Adjustments to Shares Reserved, Awards and Award Limits. Adjustments to the number and kind of shares subject to the share limitations and specified in the share-based Annual Limit are authorized in the event of a large, special or non-recurring dividend or distribution, recapitalization, stock split, stock dividend, reorganization, business combination, or other similar corporate transaction or event affecting the Common Stock. Adjustments also will be made to outstanding awards upon occurrence of these events, including to the number of shares subject to an award, any exercise price or share price referenced in the award terms (such as an SAR's base price) and other terms of the award to preserve without enhancing the value of the award. The Committee is also authorized to adjust performance conditions and other terms of awards in response to these kinds of events or to changes in applicable laws, regulations, or accounting principles.
Eligibility. Executive officers and other officers and employees of the Company and our subsidiaries (including directors), non-employee directors of the Company, and any other person who provides substantial services will be eligible to be granted awards under the 2004 Plan. A prospective employee may be granted an award, but no value may be realized under it if such person does not become an employee.
Administration. The 2004 Plan will be administered by the Committee, except that our Board of Directors may itself act in place of the Committee to administer the 2004 Plan and determinations with respect to grants to non-employee directors must be made by our Board of Directors. The members of the Committee must be non-employee directors. Subject to the terms and conditions of the 2004 Plan, the Committee is authorized to select participants, determine the type and number of awards to be granted and the number of shares to which awards will relate or the amount of an annual or long-term incentive award, specify times at which awards will be exercisable or settled, including performance conditions that may be required as a condition thereof, set other terms and conditions of such awards, prescribe forms of award agreements, interpret and specify rules and regulations relating to the 2004 Plan, and make all other determinations which may be necessary or advisable for the administration of the 2004 Plan. Nothing in the 2004 Plan precludes the Committee from authorizing payment of other compensation, including bonuses based upon performance, to executive officers and other employees. The Committee is permitted to delegate authority to executive officers for the granting of awards, but action pursuant to delegated authority generally will be limited to grants to employees who are below the executive officer level. The 2004 Plan provides that Committee
members shall not be personally liable, and shall be fully indemnified, in connection with any action, determination, or interpretation taken or made in good faith under the 2004 Plan.

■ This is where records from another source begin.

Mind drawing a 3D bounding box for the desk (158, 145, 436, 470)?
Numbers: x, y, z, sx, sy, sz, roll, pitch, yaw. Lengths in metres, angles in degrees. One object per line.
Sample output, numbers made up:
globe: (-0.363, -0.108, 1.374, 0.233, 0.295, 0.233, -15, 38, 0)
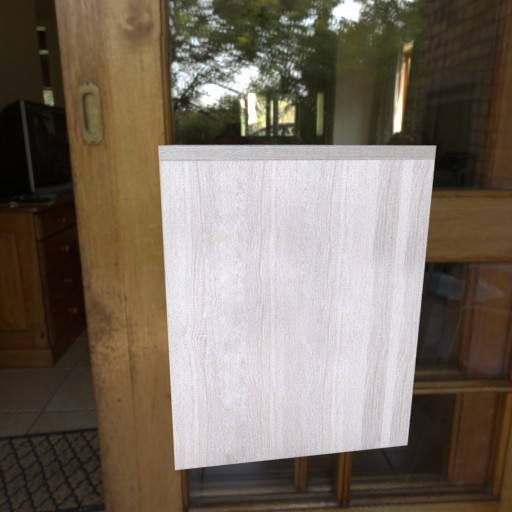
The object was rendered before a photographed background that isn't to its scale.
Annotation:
desk: (0.000, 0.000, 1.508, 0.600, 0.731, 1.100, -2, 14, -9)

Stock Options and SARs. The Committee is authorized to grant stock options, including both incentive stock options ("ISOs"), which can result in potentially favorable tax treatment to the participant, and non-qualified stock options. SARs may also be granted, entitling the participant to receive the excess of the fair market value of a share on the date of exercise over the SAR's designated "base price." The exercise price of an option and the base price of an SAR are determined by the Committee, but generally may not be less than the fair market value of the shares on the date of grant (except as described below under "Other Terms of Awards"). The maximum term of each option or SAR will be ten years. Subject to this limit, the times at which each option or SAR will be exercisable and provisions requiring forfeiture of unexercised options at or following termination of employment or upon the occurrence of other events generally are fixed by the Committee. Options may be exercised by payment of the exercise price in cash, shares or other property (which may include through broker-assisted cashless exercise procedures) or by surrender of other outstanding awards having a fair market value equal to the exercise price. Methods of exercise and settlement and other terms of SARs will be determined by the Committee. SARs may be exercisable for shares or for cash, as determined by the Committee.
Restricted and Deferred Stock/Restricted Stock Units. The Committee is authorized to grant restricted stock and deferred stock. Prior to the end of the restricted period, shares granted as restricted stock may not be sold, and will be forfeited in the event of termination of employment in specified circumstances. The Committee will establish the length of the restricted period for awards of restricted stock. Aside from the risk of forfeiture and non-transferability, an award of restricted stock entitles the participant to the rights of a stockholder of the Company, including the right to vote the shares and to receive dividends, unless otherwise determined by the Committee.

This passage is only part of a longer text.